> _INFORMATION GIVEN_:
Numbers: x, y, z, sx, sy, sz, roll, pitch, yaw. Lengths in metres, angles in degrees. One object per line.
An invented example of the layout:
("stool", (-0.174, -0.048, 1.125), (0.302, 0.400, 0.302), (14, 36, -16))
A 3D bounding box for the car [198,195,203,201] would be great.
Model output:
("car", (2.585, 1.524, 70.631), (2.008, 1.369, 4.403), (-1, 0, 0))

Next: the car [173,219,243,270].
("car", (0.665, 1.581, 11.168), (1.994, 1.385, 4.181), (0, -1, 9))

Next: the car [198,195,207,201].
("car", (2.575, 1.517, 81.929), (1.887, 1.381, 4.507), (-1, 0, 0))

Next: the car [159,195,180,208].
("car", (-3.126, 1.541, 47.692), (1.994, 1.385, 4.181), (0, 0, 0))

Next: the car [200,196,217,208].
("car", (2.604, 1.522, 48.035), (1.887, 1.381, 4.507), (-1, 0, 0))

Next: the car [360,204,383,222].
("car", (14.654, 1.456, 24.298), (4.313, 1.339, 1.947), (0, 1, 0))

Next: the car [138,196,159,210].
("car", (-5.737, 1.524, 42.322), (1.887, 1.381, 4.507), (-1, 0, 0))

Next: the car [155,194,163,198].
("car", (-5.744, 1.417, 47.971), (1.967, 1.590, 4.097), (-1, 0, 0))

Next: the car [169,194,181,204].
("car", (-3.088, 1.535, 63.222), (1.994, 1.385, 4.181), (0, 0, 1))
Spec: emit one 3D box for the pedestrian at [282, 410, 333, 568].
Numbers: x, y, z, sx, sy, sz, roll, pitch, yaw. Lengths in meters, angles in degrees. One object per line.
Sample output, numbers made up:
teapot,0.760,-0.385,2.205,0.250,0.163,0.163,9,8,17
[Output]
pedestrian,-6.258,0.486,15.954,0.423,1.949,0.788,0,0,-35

---

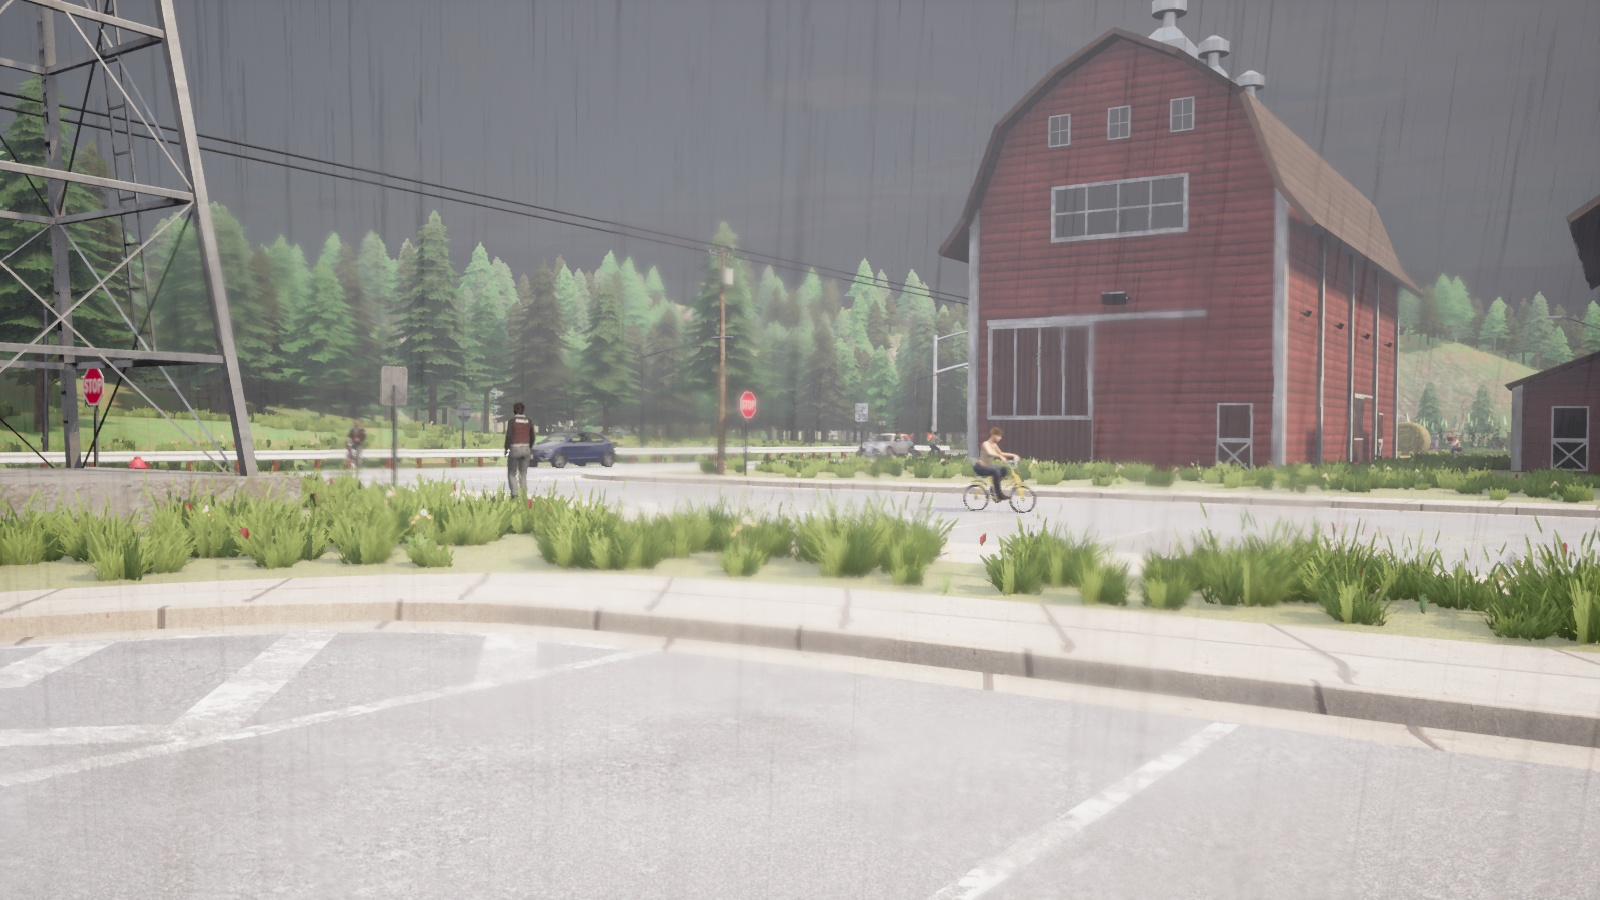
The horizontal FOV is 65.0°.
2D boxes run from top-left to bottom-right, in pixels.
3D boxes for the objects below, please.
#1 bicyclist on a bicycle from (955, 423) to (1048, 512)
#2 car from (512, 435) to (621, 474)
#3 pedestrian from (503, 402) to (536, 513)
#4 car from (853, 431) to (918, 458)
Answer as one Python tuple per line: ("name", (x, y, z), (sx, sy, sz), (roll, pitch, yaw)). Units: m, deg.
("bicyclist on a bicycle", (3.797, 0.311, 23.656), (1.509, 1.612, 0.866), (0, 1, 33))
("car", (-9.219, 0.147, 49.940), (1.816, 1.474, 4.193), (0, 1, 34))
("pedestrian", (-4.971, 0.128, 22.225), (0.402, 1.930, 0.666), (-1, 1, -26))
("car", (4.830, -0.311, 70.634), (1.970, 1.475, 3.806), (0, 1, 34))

==

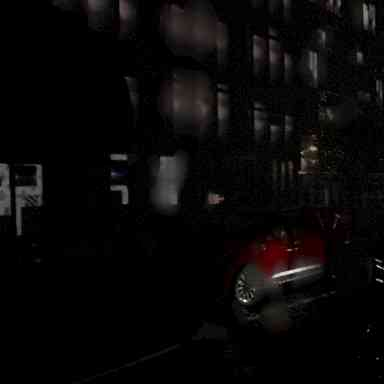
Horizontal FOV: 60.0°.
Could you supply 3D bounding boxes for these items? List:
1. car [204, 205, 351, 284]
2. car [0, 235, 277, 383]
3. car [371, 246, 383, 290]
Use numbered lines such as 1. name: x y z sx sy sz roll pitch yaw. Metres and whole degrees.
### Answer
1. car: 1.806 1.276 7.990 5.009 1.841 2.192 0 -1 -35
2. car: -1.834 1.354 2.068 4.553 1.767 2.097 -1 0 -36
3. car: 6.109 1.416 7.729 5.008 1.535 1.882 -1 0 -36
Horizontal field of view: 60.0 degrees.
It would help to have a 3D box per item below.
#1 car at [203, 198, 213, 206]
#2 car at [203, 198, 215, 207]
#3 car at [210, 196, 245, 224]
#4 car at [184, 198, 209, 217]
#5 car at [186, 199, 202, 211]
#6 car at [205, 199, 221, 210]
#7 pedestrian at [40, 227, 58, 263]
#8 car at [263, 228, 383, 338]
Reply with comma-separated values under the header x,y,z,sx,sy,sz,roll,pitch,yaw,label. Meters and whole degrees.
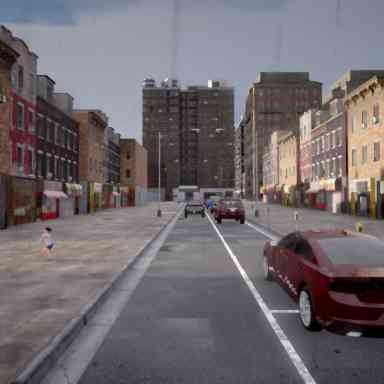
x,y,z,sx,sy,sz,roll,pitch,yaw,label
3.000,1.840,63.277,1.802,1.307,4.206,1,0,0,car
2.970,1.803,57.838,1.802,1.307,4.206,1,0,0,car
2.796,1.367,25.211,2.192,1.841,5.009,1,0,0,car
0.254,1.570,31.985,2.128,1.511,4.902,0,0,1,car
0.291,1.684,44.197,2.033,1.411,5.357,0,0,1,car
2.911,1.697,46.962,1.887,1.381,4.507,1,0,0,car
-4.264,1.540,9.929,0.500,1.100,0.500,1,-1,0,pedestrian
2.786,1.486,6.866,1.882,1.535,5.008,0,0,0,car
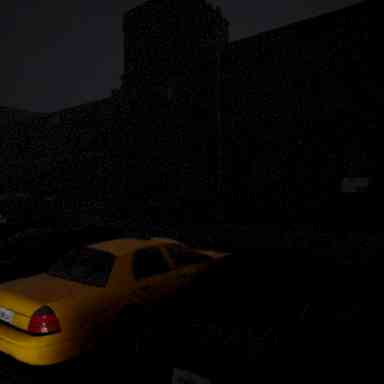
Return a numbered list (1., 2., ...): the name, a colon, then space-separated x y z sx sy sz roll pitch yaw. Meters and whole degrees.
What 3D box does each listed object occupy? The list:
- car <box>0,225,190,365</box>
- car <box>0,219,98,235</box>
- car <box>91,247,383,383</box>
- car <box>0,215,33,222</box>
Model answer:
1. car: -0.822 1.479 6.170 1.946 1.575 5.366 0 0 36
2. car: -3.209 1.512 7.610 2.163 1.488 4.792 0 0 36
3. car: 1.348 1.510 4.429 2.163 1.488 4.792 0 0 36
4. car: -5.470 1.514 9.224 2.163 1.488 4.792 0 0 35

> _WORK TO BE COMPLETED_: Only lines containing the word "bounding" should be copied from the material above.

> _FINISHED EXERCISE_:
A 3D bounding box for the car [198,195,203,201] would be great.
Could you supply 3D bounding boxes for these items? List:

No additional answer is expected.